- **Activity**: Find every line containing the word "text" in the records below; report only how many there are.

Saved data entries
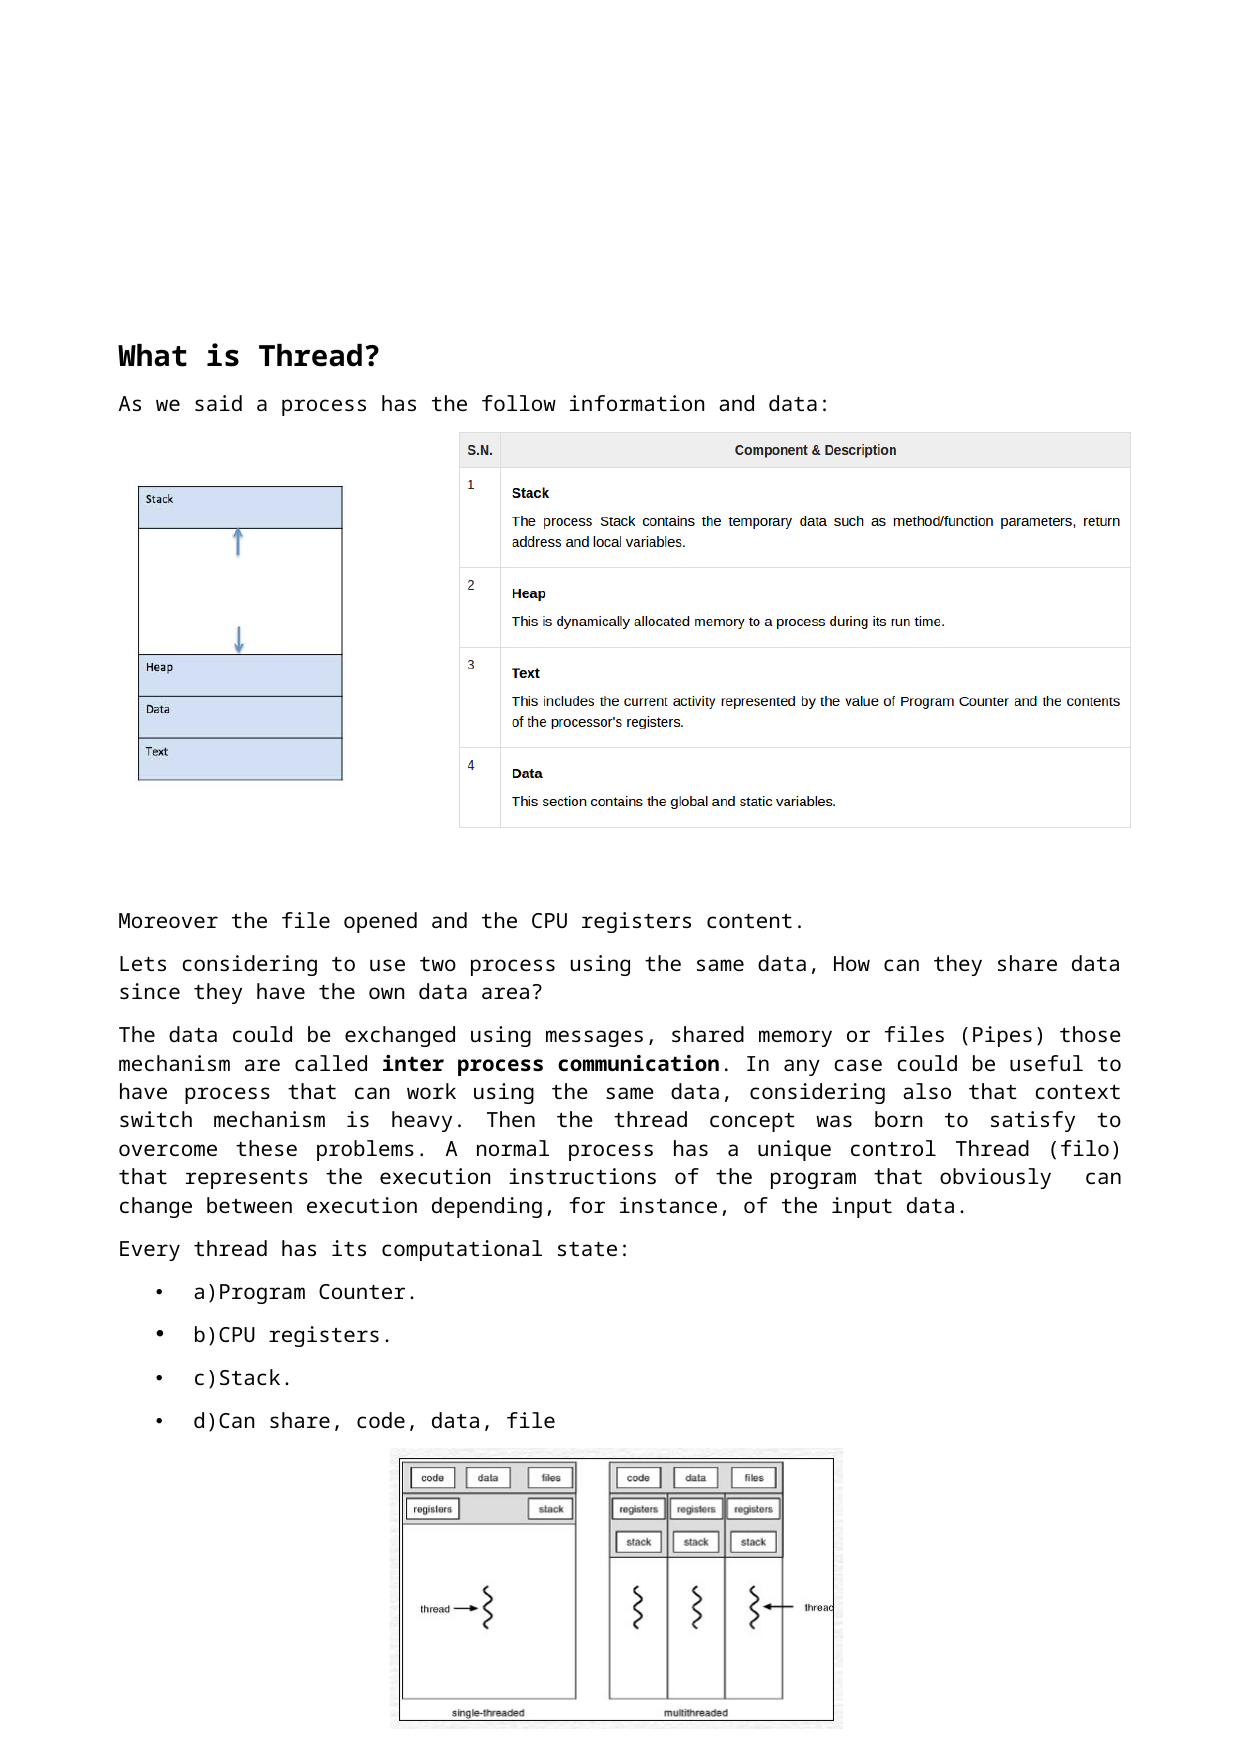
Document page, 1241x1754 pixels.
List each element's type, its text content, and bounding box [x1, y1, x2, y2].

text What is Thread? [118, 335, 1122, 375]
text As we said a process has the follow information and data: [118, 389, 1122, 418]
list d)Can share, code, data, file [156, 1406, 1122, 1434]
picture [453, 427, 1137, 834]
picture [389, 1448, 843, 1729]
text The data could be exchanged using messages, shared memory or files (Pipes) those mechanism are called inter process communication. In any case could be useful to have process that can work using the same data, considering also that context switch mechanism is heavy. Then the thread concept was born to satisfy to overcome these problems. A normal process has a unique control Thread (filo) that represents the execution instructions of the program that obviously can change between execution depending, for instance, of the input data. [118, 1020, 1122, 1219]
text Every thread has its computational state: [118, 1234, 1122, 1262]
list c)Stack. [156, 1363, 1122, 1391]
list b)CPU registers. [156, 1320, 1122, 1348]
list a)Program Counter. [156, 1277, 1122, 1305]
text Moreover the file opened and the CPU registers content. [118, 906, 1122, 934]
picture [120, 479, 365, 789]
text Lets considering to use two process using the same data, How can they share data since they have the own data area? [118, 949, 1122, 1006]

- **Your solution**: 7